▶ [Given information]:
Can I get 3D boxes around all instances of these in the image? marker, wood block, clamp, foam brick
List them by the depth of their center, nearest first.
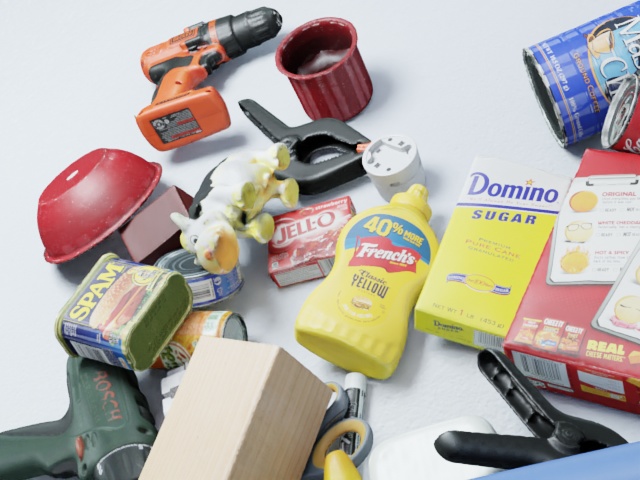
[{"bbox_3d":[0.175,0.147,0.798,0.171,0.039,0.120,24,45,2],"label":"clamp"},{"bbox_3d":[-0.078,0.190,0.849,0.091,0.090,0.206,3,61,37],"label":"wood block"},{"bbox_3d":[0.025,0.168,0.899,0.020,0.020,0.121,-8,50,19],"label":"marker"},{"bbox_3d":[-0.154,-0.007,1.090,0.078,0.051,0.053,-37,57,11],"label":"foam brick"},{"bbox_3d":[-0.031,-0.096,1.132,0.210,0.036,0.164,-4,52,27],"label":"clamp"}]

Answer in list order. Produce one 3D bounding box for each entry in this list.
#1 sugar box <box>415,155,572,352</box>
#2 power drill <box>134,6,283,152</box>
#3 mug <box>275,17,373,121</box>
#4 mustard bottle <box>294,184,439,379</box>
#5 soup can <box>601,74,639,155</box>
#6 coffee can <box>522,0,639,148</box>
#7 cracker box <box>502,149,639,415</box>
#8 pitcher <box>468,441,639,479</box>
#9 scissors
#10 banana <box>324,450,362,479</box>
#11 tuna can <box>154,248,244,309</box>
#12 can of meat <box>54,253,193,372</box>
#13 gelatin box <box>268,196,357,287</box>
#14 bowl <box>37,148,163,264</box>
[{"bbox_3d":[0.154,0.010,0.940,0.093,0.048,0.176,16,62,15],"label":"sugar box"},{"bbox_3d":[-0.132,-0.190,1.226,0.185,0.057,0.187,-19,36,18],"label":"power drill"},{"bbox_3d":[0.002,-0.186,1.159,0.093,0.081,0.117,-37,47,-7],"label":"mug"},{"bbox_3d":[0.057,0.026,0.970,0.096,0.058,0.191,22,60,11],"label":"mustard bottle"},{"bbox_3d":[0.306,-0.096,0.927,0.102,0.069,0.068,19,57,-2],"label":"soup can"},{"bbox_3d":[0.274,-0.160,0.999,0.140,0.102,0.103,-22,47,7],"label":"coffee can"},{"bbox_3d":[0.265,0.034,0.864,0.164,0.072,0.213,11,57,31],"label":"cracker box"},{"bbox_3d":[0.165,0.211,0.679,0.242,0.145,0.149,-7,46,-9],"label":"pitcher"},{"bbox_3d":[-0.027,0.208,0.877,0.096,0.016,0.201,17,67,45],"label":"scissors"},{"bbox_3d":[0.010,0.259,0.803,0.037,0.069,0.197,-40,25,57],"label":"banana"},{"bbox_3d":[-0.119,0.034,1.041,0.086,0.034,0.086,-9,22,3],"label":"tuna can"},{"bbox_3d":[-0.177,0.067,0.972,0.084,0.057,0.102,11,51,30],"label":"can of meat"},{"bbox_3d":[-0.007,0.001,1.044,0.089,0.030,0.073,-14,48,13],"label":"gelatin box"},{"bbox_3d":[-0.248,-0.049,1.141,0.162,0.055,0.162,-30,25,16],"label":"bowl"}]

▶ [What the exercise asks]:
Repeat each entry above exactly. Omit the pictures.

▶ [Written solution]:
Can I get 3D boxes around all instances of these in the image? marker, wood block, clamp, foam brick
List them by the depth of their center, nearest first.
[{"bbox_3d":[0.175,0.147,0.798,0.171,0.039,0.120,24,45,2],"label":"clamp"},{"bbox_3d":[-0.078,0.190,0.849,0.091,0.090,0.206,3,61,37],"label":"wood block"},{"bbox_3d":[0.025,0.168,0.899,0.020,0.020,0.121,-8,50,19],"label":"marker"},{"bbox_3d":[-0.154,-0.007,1.090,0.078,0.051,0.053,-37,57,11],"label":"foam brick"},{"bbox_3d":[-0.031,-0.096,1.132,0.210,0.036,0.164,-4,52,27],"label":"clamp"}]

Answer in list order. Produce one 3D bounding box for each entry in this list.
#1 sugar box <box>415,155,572,352</box>
#2 power drill <box>134,6,283,152</box>
#3 mug <box>275,17,373,121</box>
#4 mustard bottle <box>294,184,439,379</box>
#5 soup can <box>601,74,639,155</box>
#6 coffee can <box>522,0,639,148</box>
#7 cracker box <box>502,149,639,415</box>
#8 pitcher <box>468,441,639,479</box>
#9 scissors
#10 banana <box>324,450,362,479</box>
#11 tuna can <box>154,248,244,309</box>
#12 can of meat <box>54,253,193,372</box>
#13 gelatin box <box>268,196,357,287</box>
#14 bowl <box>37,148,163,264</box>
[{"bbox_3d":[0.154,0.010,0.940,0.093,0.048,0.176,16,62,15],"label":"sugar box"},{"bbox_3d":[-0.132,-0.190,1.226,0.185,0.057,0.187,-19,36,18],"label":"power drill"},{"bbox_3d":[0.002,-0.186,1.159,0.093,0.081,0.117,-37,47,-7],"label":"mug"},{"bbox_3d":[0.057,0.026,0.970,0.096,0.058,0.191,22,60,11],"label":"mustard bottle"},{"bbox_3d":[0.306,-0.096,0.927,0.102,0.069,0.068,19,57,-2],"label":"soup can"},{"bbox_3d":[0.274,-0.160,0.999,0.140,0.102,0.103,-22,47,7],"label":"coffee can"},{"bbox_3d":[0.265,0.034,0.864,0.164,0.072,0.213,11,57,31],"label":"cracker box"},{"bbox_3d":[0.165,0.211,0.679,0.242,0.145,0.149,-7,46,-9],"label":"pitcher"},{"bbox_3d":[-0.027,0.208,0.877,0.096,0.016,0.201,17,67,45],"label":"scissors"},{"bbox_3d":[0.010,0.259,0.803,0.037,0.069,0.197,-40,25,57],"label":"banana"},{"bbox_3d":[-0.119,0.034,1.041,0.086,0.034,0.086,-9,22,3],"label":"tuna can"},{"bbox_3d":[-0.177,0.067,0.972,0.084,0.057,0.102,11,51,30],"label":"can of meat"},{"bbox_3d":[-0.007,0.001,1.044,0.089,0.030,0.073,-14,48,13],"label":"gelatin box"},{"bbox_3d":[-0.248,-0.049,1.141,0.162,0.055,0.162,-30,25,16],"label":"bowl"}]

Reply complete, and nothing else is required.